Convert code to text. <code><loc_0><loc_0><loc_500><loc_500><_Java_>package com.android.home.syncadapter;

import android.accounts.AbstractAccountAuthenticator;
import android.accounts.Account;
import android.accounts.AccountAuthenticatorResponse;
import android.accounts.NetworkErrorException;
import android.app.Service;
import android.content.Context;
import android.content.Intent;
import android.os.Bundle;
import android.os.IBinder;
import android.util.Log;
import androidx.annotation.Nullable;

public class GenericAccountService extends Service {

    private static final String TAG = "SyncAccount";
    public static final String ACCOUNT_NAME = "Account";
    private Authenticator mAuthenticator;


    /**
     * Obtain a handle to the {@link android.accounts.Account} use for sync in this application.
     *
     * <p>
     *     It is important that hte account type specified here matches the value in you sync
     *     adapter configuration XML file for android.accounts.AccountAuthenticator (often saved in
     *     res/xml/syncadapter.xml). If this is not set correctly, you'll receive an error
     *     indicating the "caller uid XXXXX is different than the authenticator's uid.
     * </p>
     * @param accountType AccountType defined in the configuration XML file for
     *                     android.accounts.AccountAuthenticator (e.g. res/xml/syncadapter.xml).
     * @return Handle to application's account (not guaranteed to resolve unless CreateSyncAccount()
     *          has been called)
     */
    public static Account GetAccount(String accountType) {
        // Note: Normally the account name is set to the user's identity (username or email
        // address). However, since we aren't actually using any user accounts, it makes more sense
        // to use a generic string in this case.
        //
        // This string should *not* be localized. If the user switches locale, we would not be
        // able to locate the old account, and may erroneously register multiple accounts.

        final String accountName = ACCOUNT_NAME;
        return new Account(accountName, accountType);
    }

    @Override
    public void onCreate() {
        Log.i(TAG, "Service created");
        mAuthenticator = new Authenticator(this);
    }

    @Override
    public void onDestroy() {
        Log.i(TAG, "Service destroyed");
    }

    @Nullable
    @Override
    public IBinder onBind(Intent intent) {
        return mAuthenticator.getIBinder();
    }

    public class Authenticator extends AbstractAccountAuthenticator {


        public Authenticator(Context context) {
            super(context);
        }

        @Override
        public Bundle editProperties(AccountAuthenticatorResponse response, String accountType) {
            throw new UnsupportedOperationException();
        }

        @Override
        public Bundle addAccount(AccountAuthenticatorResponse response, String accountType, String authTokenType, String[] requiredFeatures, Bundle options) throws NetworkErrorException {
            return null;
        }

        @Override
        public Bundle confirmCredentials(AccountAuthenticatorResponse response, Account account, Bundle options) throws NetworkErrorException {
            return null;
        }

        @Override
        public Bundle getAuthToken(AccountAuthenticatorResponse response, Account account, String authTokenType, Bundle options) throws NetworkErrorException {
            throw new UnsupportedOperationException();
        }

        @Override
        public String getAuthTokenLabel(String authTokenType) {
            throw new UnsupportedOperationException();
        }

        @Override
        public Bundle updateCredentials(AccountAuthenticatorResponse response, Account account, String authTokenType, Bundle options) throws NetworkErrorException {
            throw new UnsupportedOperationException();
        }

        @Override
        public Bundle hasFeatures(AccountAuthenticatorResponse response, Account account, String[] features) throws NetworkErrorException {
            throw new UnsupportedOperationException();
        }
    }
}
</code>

====================

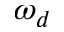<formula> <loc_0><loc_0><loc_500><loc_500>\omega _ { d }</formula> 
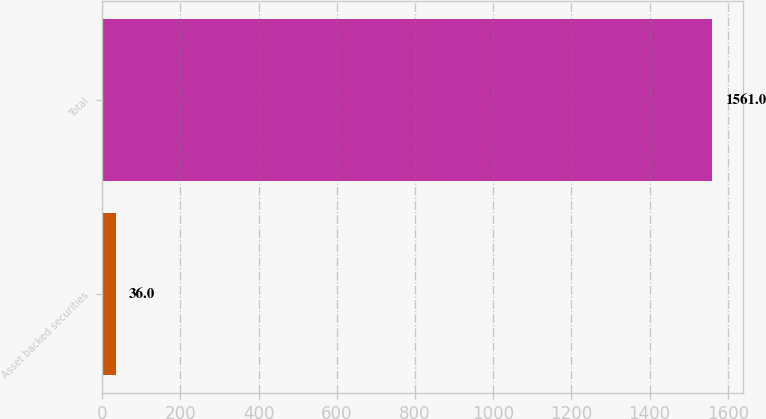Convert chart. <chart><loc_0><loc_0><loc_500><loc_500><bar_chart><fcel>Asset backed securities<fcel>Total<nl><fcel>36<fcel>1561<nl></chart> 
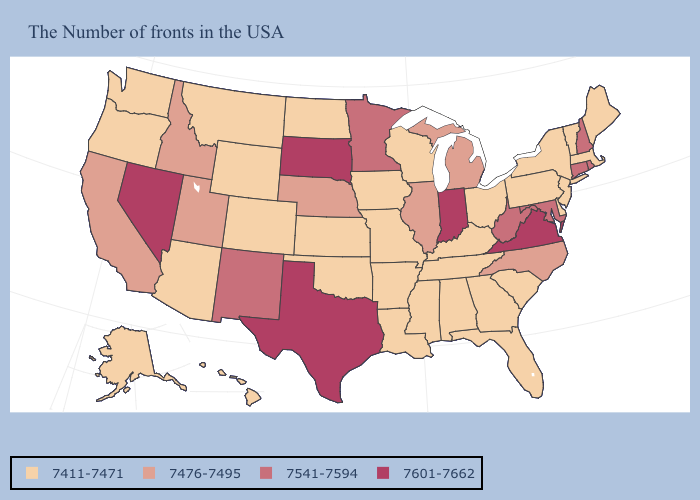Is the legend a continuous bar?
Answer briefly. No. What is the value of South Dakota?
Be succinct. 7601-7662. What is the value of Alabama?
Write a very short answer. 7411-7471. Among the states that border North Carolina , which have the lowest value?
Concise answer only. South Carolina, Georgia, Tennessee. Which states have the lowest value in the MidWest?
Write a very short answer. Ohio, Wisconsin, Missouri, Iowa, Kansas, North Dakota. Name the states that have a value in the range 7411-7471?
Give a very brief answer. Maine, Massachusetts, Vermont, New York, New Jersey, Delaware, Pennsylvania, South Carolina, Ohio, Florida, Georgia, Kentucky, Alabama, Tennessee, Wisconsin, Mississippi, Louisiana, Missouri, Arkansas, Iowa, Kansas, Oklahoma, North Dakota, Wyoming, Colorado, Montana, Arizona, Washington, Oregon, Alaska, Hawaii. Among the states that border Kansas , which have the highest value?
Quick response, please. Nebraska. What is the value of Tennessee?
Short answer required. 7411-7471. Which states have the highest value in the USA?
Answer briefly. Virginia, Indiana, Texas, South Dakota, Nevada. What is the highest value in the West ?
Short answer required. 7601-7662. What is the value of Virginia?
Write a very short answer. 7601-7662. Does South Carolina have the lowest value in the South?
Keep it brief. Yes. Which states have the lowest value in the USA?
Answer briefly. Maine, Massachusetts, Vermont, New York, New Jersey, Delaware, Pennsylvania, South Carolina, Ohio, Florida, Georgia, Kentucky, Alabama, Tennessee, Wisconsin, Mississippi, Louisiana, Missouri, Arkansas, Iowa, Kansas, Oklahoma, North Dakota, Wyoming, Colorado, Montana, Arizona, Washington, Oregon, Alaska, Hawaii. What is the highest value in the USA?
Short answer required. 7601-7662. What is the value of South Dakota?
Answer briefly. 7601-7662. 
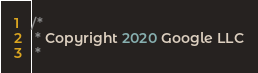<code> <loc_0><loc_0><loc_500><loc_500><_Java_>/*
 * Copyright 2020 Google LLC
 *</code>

====================

== TASK DESCRIPTION ==
Using the listing above, pick out each line that contains the word "very", then copy it.

== RESPONSE TO THIS TASK ==
Write a very short answer. 7411-7471. Among the states that border North Carolina , which have the lowest value?
Write a very short answer. Ohio, Wisconsin, Missouri, Iowa, Kansas, North Dakota. Name the states that have a value in the range 7411-7471?
Give a very brief answer. Maine, Massachusetts, Vermont, New York, New Jersey, Delaware, Pennsylvania, South Carolina, Ohio, Florida, Georgia, Kentucky, Alabama, Tennessee, Wisconsin, Mississippi, Louisiana, Missouri, Arkansas, Iowa, Kansas, Oklahoma, North Dakota, Wyoming, Colorado, Montana, Arizona, Washington, Oregon, Alaska, Hawaii. Among the states that border Kansas , which have the highest value?
Write a very short answer. 7601-7662. Does South Carolina have the lowest value in the South?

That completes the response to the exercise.